Here if we add center of circles G₁, G₂, G₃ ....... G_n, then we get a polygon of n sides.

From figure you can see one side of polygon makes angle $$\theta$$ with the center.

$$\therefore$$ n sides make angle = n$$\theta$$

We know, $$n\theta = 2\pi $$

$$ \Rightarrow \theta = {{2\pi } \over n}$$

Here triangle OMN is an isosceles triangle. Line joining of point O and midpoint O of MN (point A) is perpendicular to line MN and perpendicular bisector of angle $$\theta$$.

$$\therefore$$ $$\angle MOA = {\theta \over 2} = {\pi \over n}$$

From right angle triangle OMA,

$$\sin {\pi \over n} = {r \over {R + r}}$$

$$ \Rightarrow R + r = r{\mathop{\rm cosec}\nolimits} {\pi \over n}$$

Option A:

When $$n = 4$$,

$$R + r = r{\mathop{\rm cosec}\nolimits} {\pi \over 4}$$

$$ \Rightarrow R + r = \sqrt 2 r$$

$$ \Rightarrow R = \left( {\sqrt 2 - 1} \right)r$$

$$\therefore$$ Option (A) is wrong.

Option B :

When $$n = 5$$,

$$R + r = r{\mathop{\rm cosec}\nolimits} {\pi \over 5} = r{\mathop{\rm cosec}\nolimits} 36^\circ $$

We know, in 0 to $${\pi \over 2}$$, $${\mathop{\rm cosec}\nolimits} \theta $$ is decreasing.

$$\therefore$$ $${\mathop{\rm cosec}\nolimits} 45^\circ < {\mathop{\rm cosec}\nolimits} 36^\circ < {\mathop{\rm cosec}\nolimits} 30^\circ $$

$$ \Rightarrow \sqrt 2 < {\mathop{\rm cosec}\nolimits} 36^\circ < 2$$

$$ \Rightarrow \sqrt 2 r < r{\mathop{\rm cosec}\nolimits} 36^\circ < 2r$$

$$ \Rightarrow \sqrt 2 r - r < r{\mathop{\rm cosec}\nolimits} 36^\circ - r < 2r - r$$

$$ \Rightarrow \left( {\sqrt 2 - 1} \right)r < R < r$$

$$\therefore$$ $$R < r$$, when $$n = 5$$

$$\therefore$$ Option (B) is wrong.

Option C :

When $$n = 8$$,

$$R + r = r{\mathop{\rm cosec}\nolimits} {\pi \over 8}$$

$${\mathop{\rm cosec}\nolimits} \theta$$ is decreasing function in 0 to $${\pi \over 2}$$.

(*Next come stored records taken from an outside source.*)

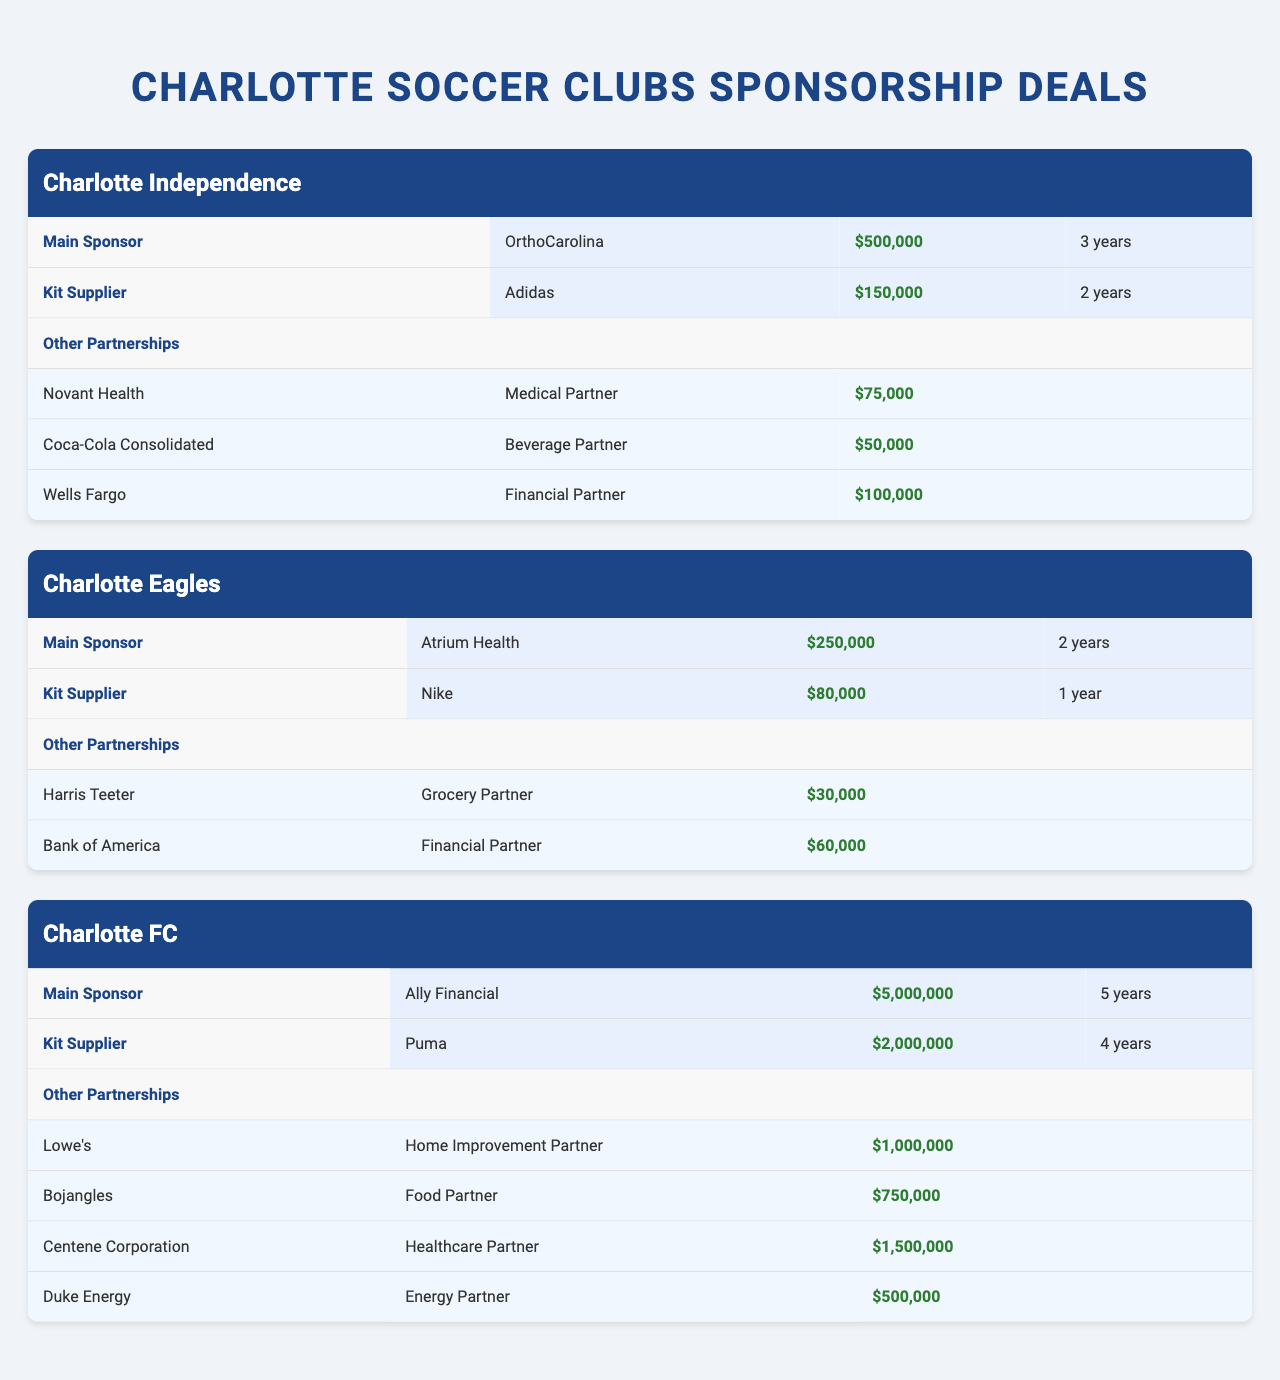What is the main sponsor for Charlotte Independence? The main sponsor for Charlotte Independence is listed in the table under the "Main Sponsor" section, which shows the name as "OrthoCarolina."
Answer: OrthoCarolina How long is the kit supplier deal for Charlotte FC? The duration of the kit supplier deal for Charlotte FC is mentioned in the "Kit Supplier" section, and it states "4 years."
Answer: 4 years Which club has the highest deal value for its main sponsorship? To find this, we compare the deal values of the main sponsors across clubs: Charlotte Independence has $500,000, Charlotte Eagles has $250,000, and Charlotte FC has $5,000,000. The highest is $5,000,000 for Charlotte FC.
Answer: Charlotte FC What is the total deal value of all partnerships for Charlotte Independence? The total deal value for Charlotte Independence can be calculated by summing the values of the main sponsor, kit supplier, and other partnerships. Main sponsorship ($500,000) + kit supplier ($150,000) + other partnerships ($75,000 + $50,000 + $100,000) = $500,000 + $150,000 + $225,000 = $875,000.
Answer: $875,000 Is the kit supplier for Charlotte Eagles more valuable than its main sponsor? We check the deal values: the kit supplier (Nike) deal is worth $80,000, while the main sponsor (Atrium Health) deal is $250,000. Since $80,000 is not greater than $250,000, the statement is false.
Answer: No How much greater is the total deal value of Charlotte FC's partnerships compared to Charlotte Independence's? First, we need to find the total deal values: Charlotte FC's main sponsor ($5,000,000) + kit supplier ($2,000,000) + other partnerships ($1,000,000 + $750,000 + $1,500,000 + $500,000) = $5,000,000 + $2,000,000 + $3,750,000 = $10,750,000. Charlotte Independence's total is $875,000. Differences 10,750,000 - 875,000 = 9,875,000.
Answer: $9,875,000 What type of partner is Wells Fargo for Charlotte Independence? The type of partner for Wells Fargo is detailed in the "Other Partnerships" section of Charlotte Independence, where it states "Financial Partner."
Answer: Financial Partner Which club has multiple beverage partnerships? By reviewing the partnership information for each club, we see that only Charlotte Independence has a beverage partnership listed (Coca-Cola Consolidated). Neither of the other clubs lists any beverage partners.
Answer: Charlotte Independence What is the sum of deal values for all partnerships of Charlotte FC? The deal values of Charlotte FC's other partnerships are: Lowe's ($1,000,000) + Bojangles ($750,000) + Centene Corporation ($1,500,000) + Duke Energy ($500,000) = $1,000,000 + $750,000 + $1,500,000 + $500,000 = $3,750,000.
Answer: $3,750,000 Did Charlotte Eagles secure a deal with a medical partner? The table states the partnerships for Charlotte Eagles, and there is no mention of a medical partner. The partnerships listed include a grocery and a financial partner. Thus the answer is false.
Answer: No 
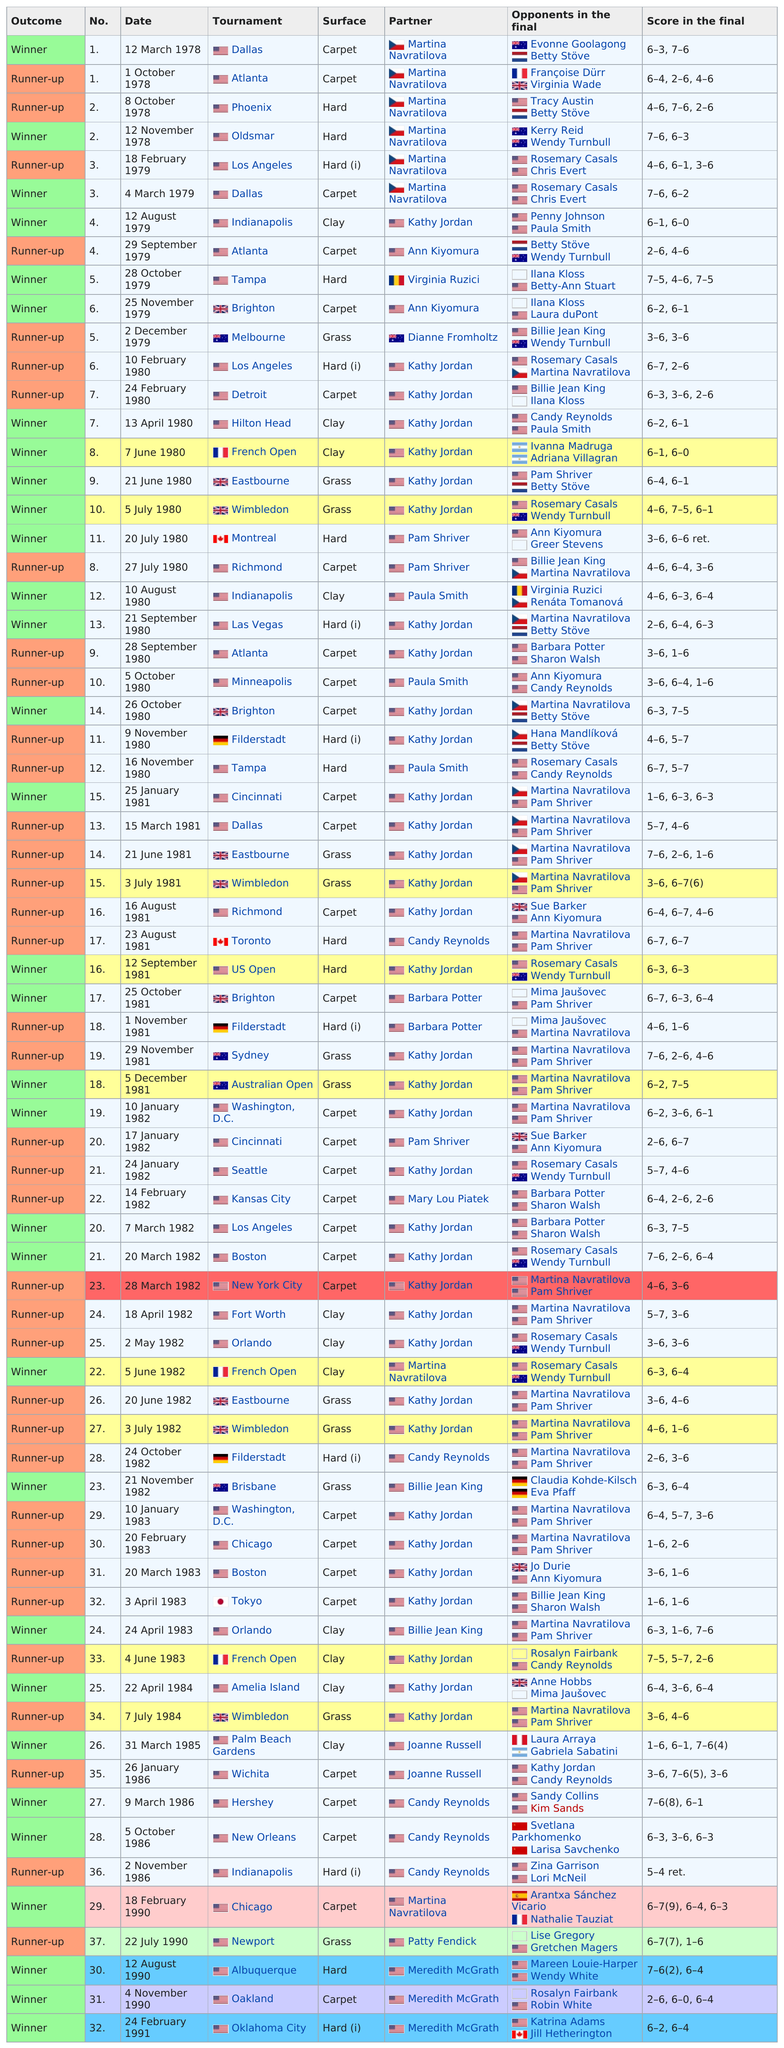Indicate a few pertinent items in this graphic. In 1991, the only tournament was held in Oklahoma City. The match played on November 12, 1978, which took place on a hard surface, was preceded by another match that was also played on a hard surface, as the previous match was also played on a hard surface. The location with more tournaments is Los Angeles, as declared by the sentence itself. The outcome of the October 8 game in Phoenix was that the runner-up was declared the winner. Ann Smith competed in 11 doubles finals before the year 1980. 
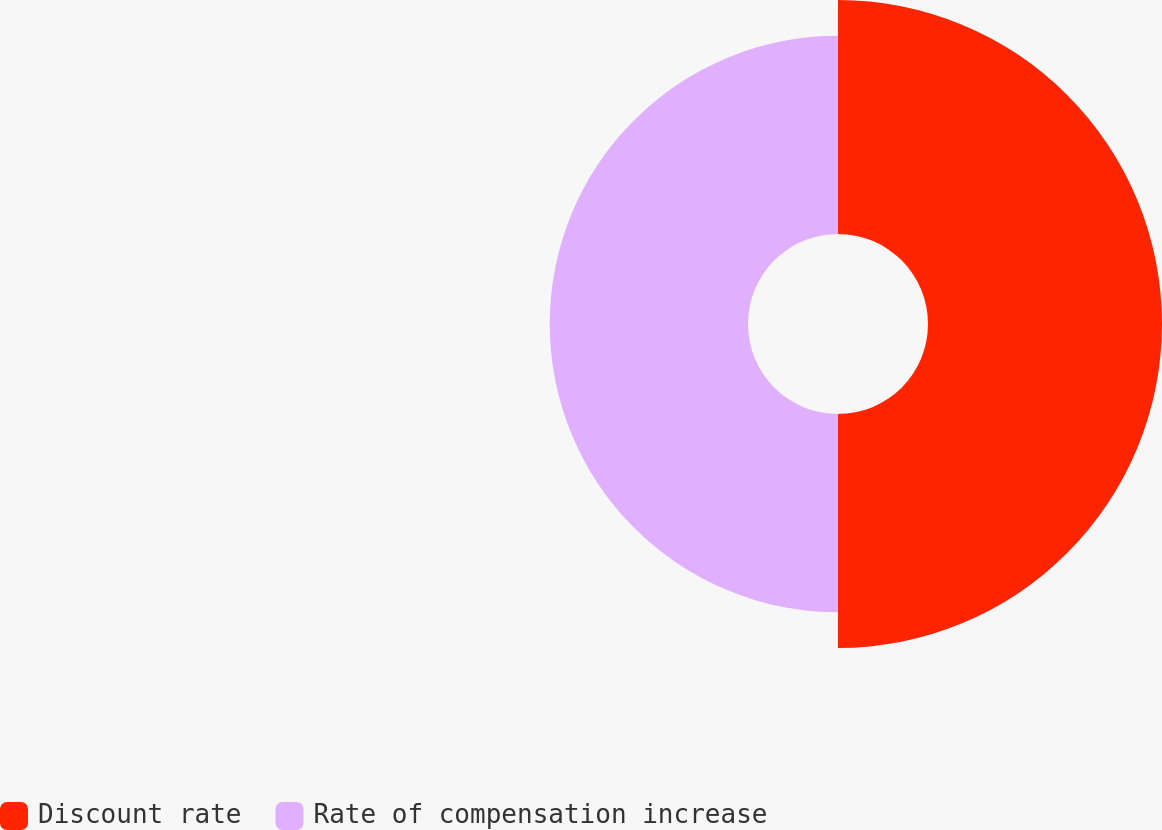Convert chart to OTSL. <chart><loc_0><loc_0><loc_500><loc_500><pie_chart><fcel>Discount rate<fcel>Rate of compensation increase<nl><fcel>54.13%<fcel>45.87%<nl></chart> 
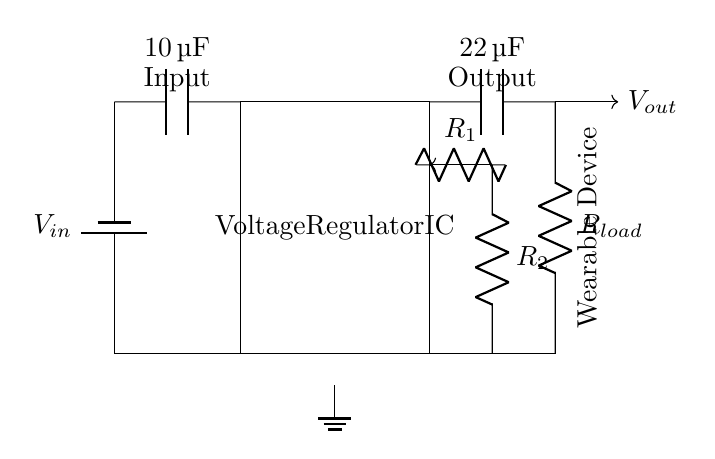What is the input capacitor value? The diagram shows a capacitor labeled with the value of ten microfarads, which is the input capacitor employed for smoothing the voltage from the power source.
Answer: ten microfarads What component regulates the voltage? The box labeled "Voltage Regulator IC" indicates that this is the component responsible for regulating the voltage output to maintain stability in the circuit.
Answer: Voltage Regulator IC What is the output capacitor value? The output capacitor is next to the output terminal and is labeled with the value of twenty-two microfarads, which helps in stabilizing the output voltage.
Answer: twenty-two microfarads What is the purpose of resistors R1 and R2? Resistors R1 and R2 are part of the feedback loop for the voltage regulator, used to set the output voltage level by dividing the voltage.
Answer: Set output voltage Which way does the output voltage flow in the circuit? The diagram shows an arrow indicating the output voltage flow moving away from the output capacitor towards the load resistor, demonstrating the direction of current flow in the circuit.
Answer: Right How does the circuit ground? The ground of the circuit is indicated with a ground symbol below the voltage regulator, connecting the circuit to the common reference point, essential for circuit operation and stability.
Answer: Voltage Regulator ground What is typically connected to the load resistor? The load resistor connects to the wearable device, receiving the regulated output voltage to power it, which is shown in the label on the right side of the output.
Answer: Wearable device 
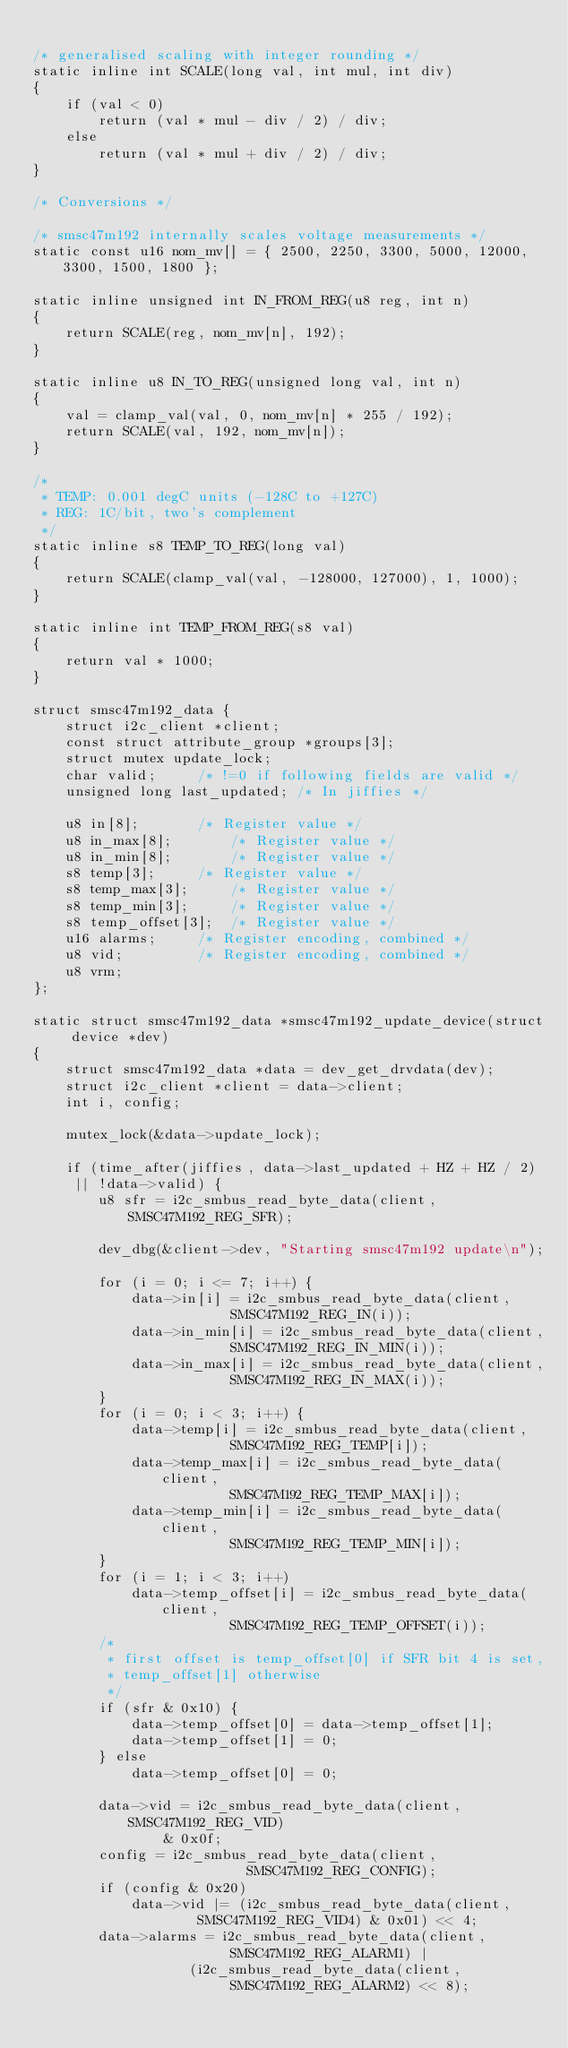<code> <loc_0><loc_0><loc_500><loc_500><_C_>
/* generalised scaling with integer rounding */
static inline int SCALE(long val, int mul, int div)
{
	if (val < 0)
		return (val * mul - div / 2) / div;
	else
		return (val * mul + div / 2) / div;
}

/* Conversions */

/* smsc47m192 internally scales voltage measurements */
static const u16 nom_mv[] = { 2500, 2250, 3300, 5000, 12000, 3300, 1500, 1800 };

static inline unsigned int IN_FROM_REG(u8 reg, int n)
{
	return SCALE(reg, nom_mv[n], 192);
}

static inline u8 IN_TO_REG(unsigned long val, int n)
{
	val = clamp_val(val, 0, nom_mv[n] * 255 / 192);
	return SCALE(val, 192, nom_mv[n]);
}

/*
 * TEMP: 0.001 degC units (-128C to +127C)
 * REG: 1C/bit, two's complement
 */
static inline s8 TEMP_TO_REG(long val)
{
	return SCALE(clamp_val(val, -128000, 127000), 1, 1000);
}

static inline int TEMP_FROM_REG(s8 val)
{
	return val * 1000;
}

struct smsc47m192_data {
	struct i2c_client *client;
	const struct attribute_group *groups[3];
	struct mutex update_lock;
	char valid;		/* !=0 if following fields are valid */
	unsigned long last_updated;	/* In jiffies */

	u8 in[8];		/* Register value */
	u8 in_max[8];		/* Register value */
	u8 in_min[8];		/* Register value */
	s8 temp[3];		/* Register value */
	s8 temp_max[3];		/* Register value */
	s8 temp_min[3];		/* Register value */
	s8 temp_offset[3];	/* Register value */
	u16 alarms;		/* Register encoding, combined */
	u8 vid;			/* Register encoding, combined */
	u8 vrm;
};

static struct smsc47m192_data *smsc47m192_update_device(struct device *dev)
{
	struct smsc47m192_data *data = dev_get_drvdata(dev);
	struct i2c_client *client = data->client;
	int i, config;

	mutex_lock(&data->update_lock);

	if (time_after(jiffies, data->last_updated + HZ + HZ / 2)
	 || !data->valid) {
		u8 sfr = i2c_smbus_read_byte_data(client, SMSC47M192_REG_SFR);

		dev_dbg(&client->dev, "Starting smsc47m192 update\n");

		for (i = 0; i <= 7; i++) {
			data->in[i] = i2c_smbus_read_byte_data(client,
						SMSC47M192_REG_IN(i));
			data->in_min[i] = i2c_smbus_read_byte_data(client,
						SMSC47M192_REG_IN_MIN(i));
			data->in_max[i] = i2c_smbus_read_byte_data(client,
						SMSC47M192_REG_IN_MAX(i));
		}
		for (i = 0; i < 3; i++) {
			data->temp[i] = i2c_smbus_read_byte_data(client,
						SMSC47M192_REG_TEMP[i]);
			data->temp_max[i] = i2c_smbus_read_byte_data(client,
						SMSC47M192_REG_TEMP_MAX[i]);
			data->temp_min[i] = i2c_smbus_read_byte_data(client,
						SMSC47M192_REG_TEMP_MIN[i]);
		}
		for (i = 1; i < 3; i++)
			data->temp_offset[i] = i2c_smbus_read_byte_data(client,
						SMSC47M192_REG_TEMP_OFFSET(i));
		/*
		 * first offset is temp_offset[0] if SFR bit 4 is set,
		 * temp_offset[1] otherwise
		 */
		if (sfr & 0x10) {
			data->temp_offset[0] = data->temp_offset[1];
			data->temp_offset[1] = 0;
		} else
			data->temp_offset[0] = 0;

		data->vid = i2c_smbus_read_byte_data(client, SMSC47M192_REG_VID)
			    & 0x0f;
		config = i2c_smbus_read_byte_data(client,
						  SMSC47M192_REG_CONFIG);
		if (config & 0x20)
			data->vid |= (i2c_smbus_read_byte_data(client,
					SMSC47M192_REG_VID4) & 0x01) << 4;
		data->alarms = i2c_smbus_read_byte_data(client,
						SMSC47M192_REG_ALARM1) |
			       (i2c_smbus_read_byte_data(client,
						SMSC47M192_REG_ALARM2) << 8);
</code>

$$\therefore$$ $${\mathop{\rm cosec}\nolimits} {\pi \over 8} > {\mathop{\rm cosec}\nolimits} {\pi \over 4}$$

$$ \Rightarrow r{\mathop{\rm cosec}\nolimits} {\pi \over 8} > \sqrt 2 r$$

$$ \Rightarrow R + r > \sqrt 2 r$$

$$ \Rightarrow R > \left( {\sqrt 2 - 1} \right)r$$

$$\therefore$$ Option (C) is correct.

Option D :

When $$n = 12$$, then

$$R + r = r\left( {\cos ec{\pi \over {12}}} \right)$$

$$ \Rightarrow R + r = r \times {{2\sqrt 2 } \over {\sqrt 3 - 1}}$$ [as $$\cos ec{\pi \over {12}} = {{2\sqrt 2 } \over {\sqrt 3 - 1}}$$]

$$ \Rightarrow R + r = r \times {{2\sqrt 2 \left( {\sqrt 3 + 1} \right)} \over 2}$$

$$ \Rightarrow R + r = \sqrt 2 r\left( {\sqrt 3 + 1} \right)$$

$$ \Rightarrow R = \left[ {\sqrt 2 \left( {\sqrt 3 + 1} \right) - 1} \right]r$$

$$ \Rightarrow R < \sqrt 2 \left( {\sqrt 3 + 1} \right)r$$

$$\therefore$$ Option (D) is correct.